Une personne qui applique un primaire d'accrochage sur un mur

Quel primaire d’accrochage choisir pour peindre un mur difficile ?

On parle beaucoup du lessivage, mais le primaire d’accrochage reste souvent le grand oublié des travaux de peinture. Pourtant, sur certains supports, il fait toute la différence entre une peinture qui tient des années et une qui cloque au bout de quelques semaines.

À quoi sert vraiment un primaire d’accrochage ?

Un primaire d’accrochage est une couche de préparation appliquée avant la peinture. Son rôle est double : il renforce l’adhérence de la peinture sur le support, et il régule l’absorption pour que la peinture finale s’étale uniformément. Sans lui, un mur trop poreux va « boire » la peinture de manière irrégulière, ce qui donne un résultat terne et hétérogène même après deux couches.

Il ne remplace pas le lessivage sur un mur gras, mais il vient en complément, une fois le support propre et sec. Sur un mur neuf en plâtre ou en béton, il est souvent indispensable dès la première couche.

Vous avez une peinture qui colle pas un mur gras ? Devez-vous lessiver avant ? Lisez notre autre article avant de commencer vos travaux.

Quelles sont les différences entre le primaire universel, bouchepores, fixateur ?

Les rayons bricolage proposent plusieurs types de primaires, et il est facile de s’y perdre. Voici les trois familles principales :

  • Le primaire universel : convient à la majorité des supports intérieurs (plâtre, béton, ancienne peinture).
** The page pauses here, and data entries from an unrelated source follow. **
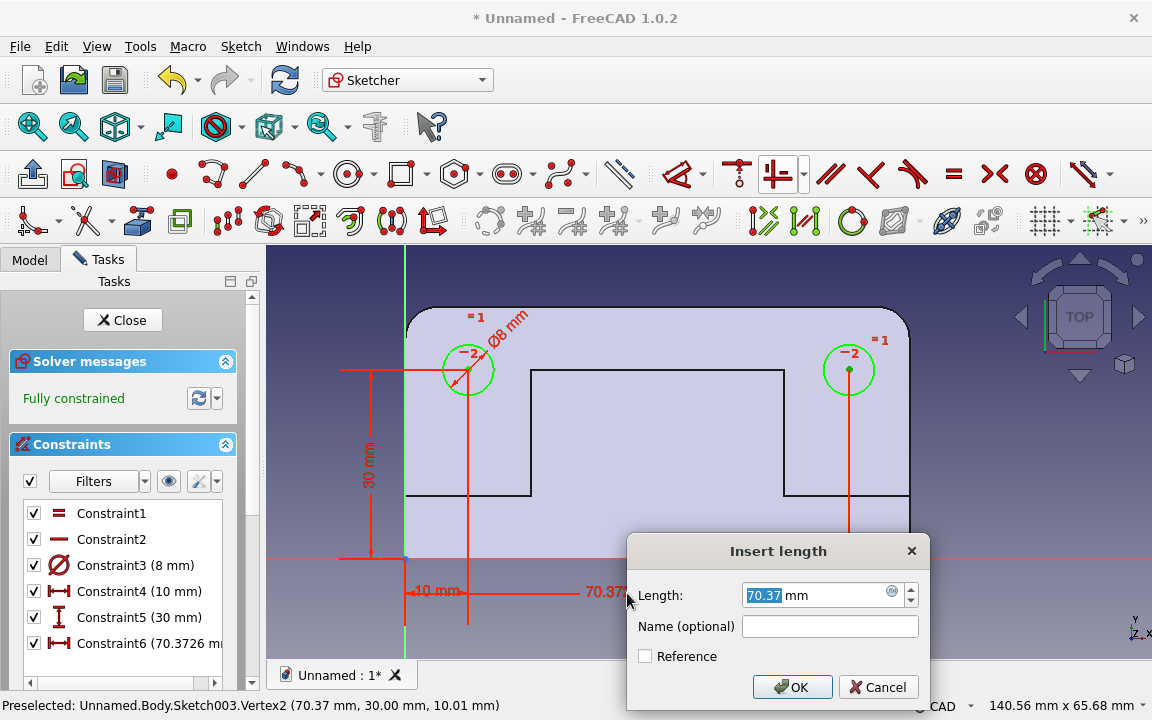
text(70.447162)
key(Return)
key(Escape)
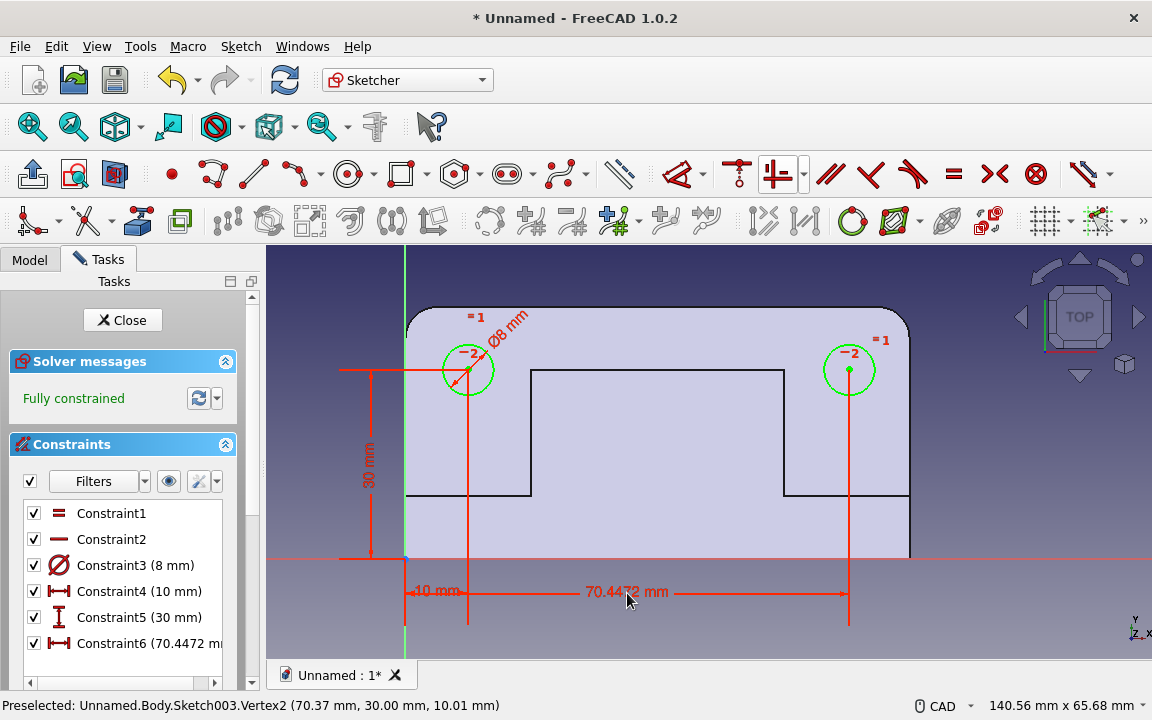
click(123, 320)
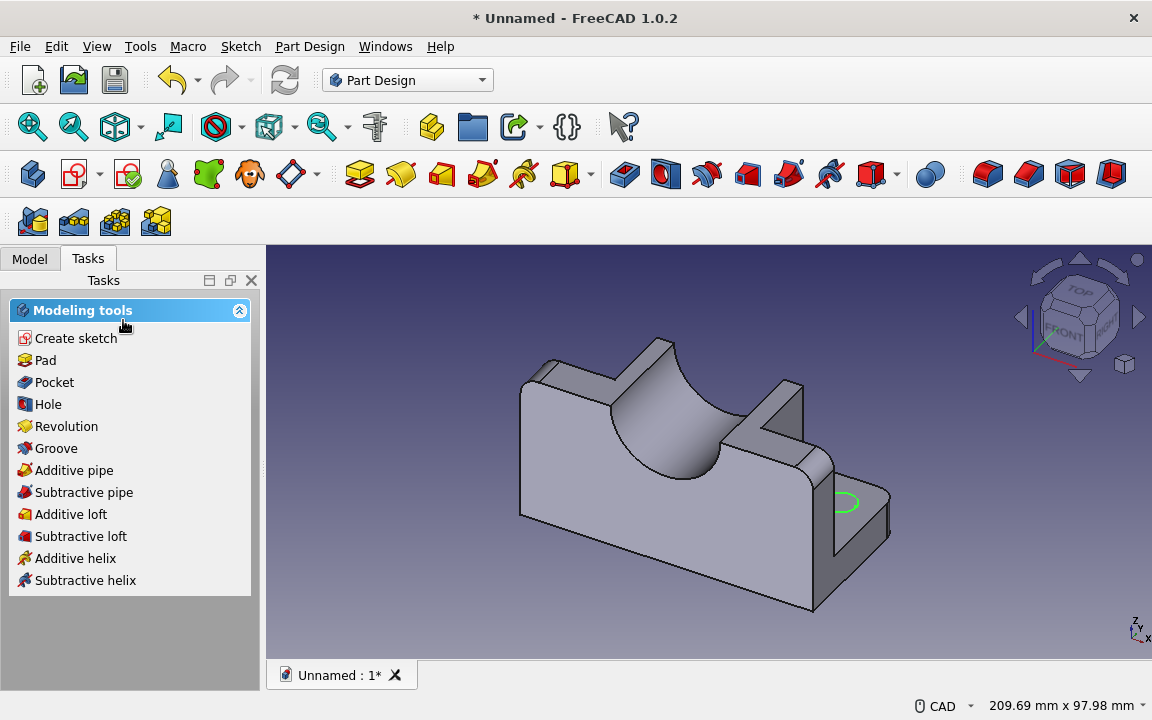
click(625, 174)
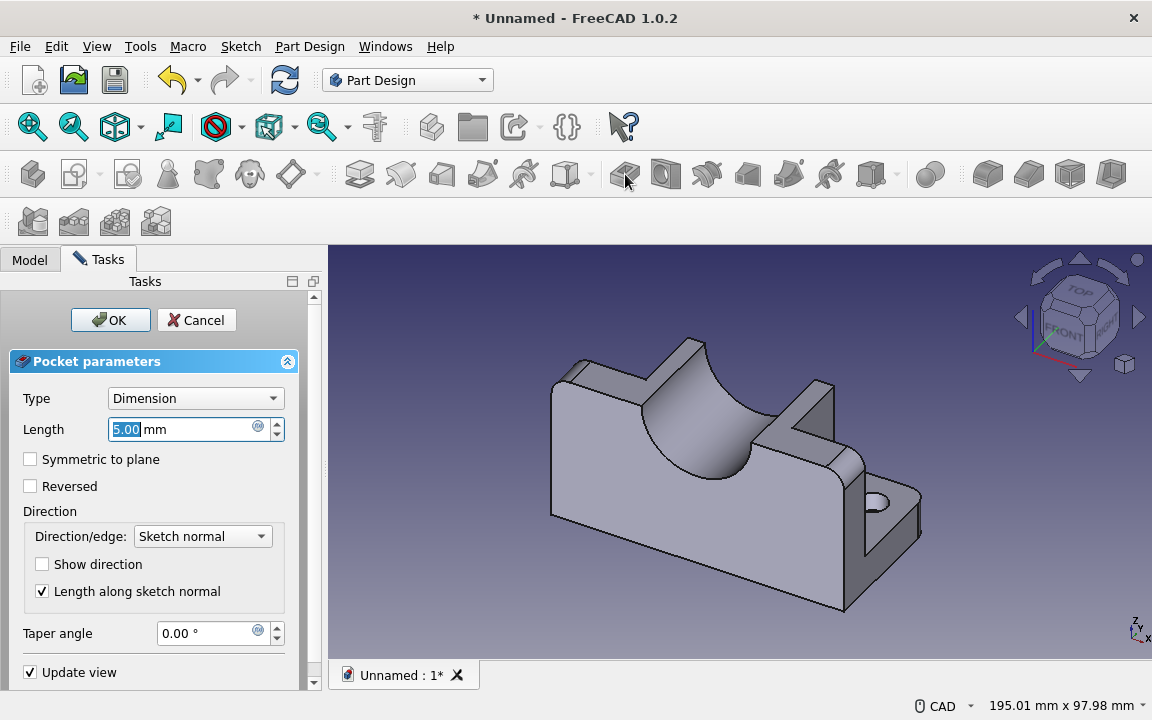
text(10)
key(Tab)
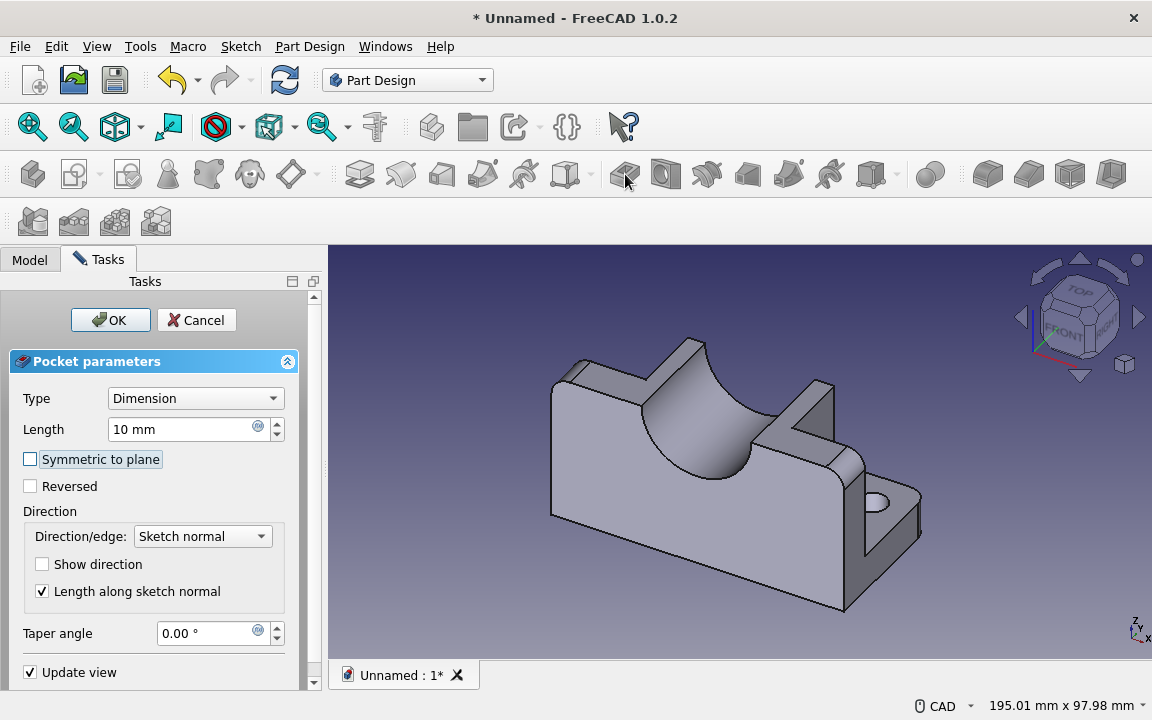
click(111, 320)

C’est le choix par défaut si vous ne savez pas exactement quel est votre support.
  • Le fixateur-consolidant : destiné aux murs friables, qui s’effritent ou dont l’ancienne peinture est en mauvais état. Il durcit la surface avant toute application.
  • Le bouchepores : utile sur les supports très poreux comme le bois brut ou certains enduits granuleux. Il lisse l’absorption pour éviter de consommer trop de peinture.

Pour un mur de cuisine préalablement lessivé, le primaire universel en phase aqueuse est généralement suffisant. Il s’applique au rouleau comme une peinture et sèche en une à deux heures.

Comment appliquer un primaire d’accrochage sans se tromper ?

L’application est simple, mais quelques erreurs sont fréquentes. La première : ne pas laisser sécher suffisamment. Un primaire qui n’est pas sec crée exactement le même problème qu’un mur humide , la peinture ne tient pas. Respectez toujours le temps de séchage indiqué sur le pot, en général entre 2 et 6 heures selon les produits et les conditions ambiantes.

La seconde erreur classique est d’appliquer le primaire sur une surface encore poussiéreuse ou non lessivée. Le primaire ne nettoie pas : il fixe. Si vous l’appliquez sur des résidus gras, vous fixez aussi ces résidus, et la peinture ne tiendra toujours pas. Appliquez le primaire en une seule couche régulière, sans chercher à couvrir parfaitement. Son rôle n’est pas d’apporter de la couleur mais de préparer le support. Une couche fine et bien répartie est largement suffisante dans la majorité des cas.

Est-ce utile de mettre un primaire sur une ancienne peinture brillante ?

Oui, et c’est même l’un des usages les plus courants. Une peinture brillante ou satinée est par définition peu adhérente pour une nouvelle couche. Un léger ponçage suivi d’un primaire d’accrochage permet de créer une surface mat sur laquelle la nouvelle peinture accrochera sans difficulté.

Sans cette étape, vous risquez de voir la nouvelle peinture se rétracter légèrement aux bords des coups de rouleau, ou de constater des zones où la teinte finale est inégale. Le primaire sur brillant évite ces désagréments et réduit le nombre de couches nécessaires pour obtenir un résultat homogène.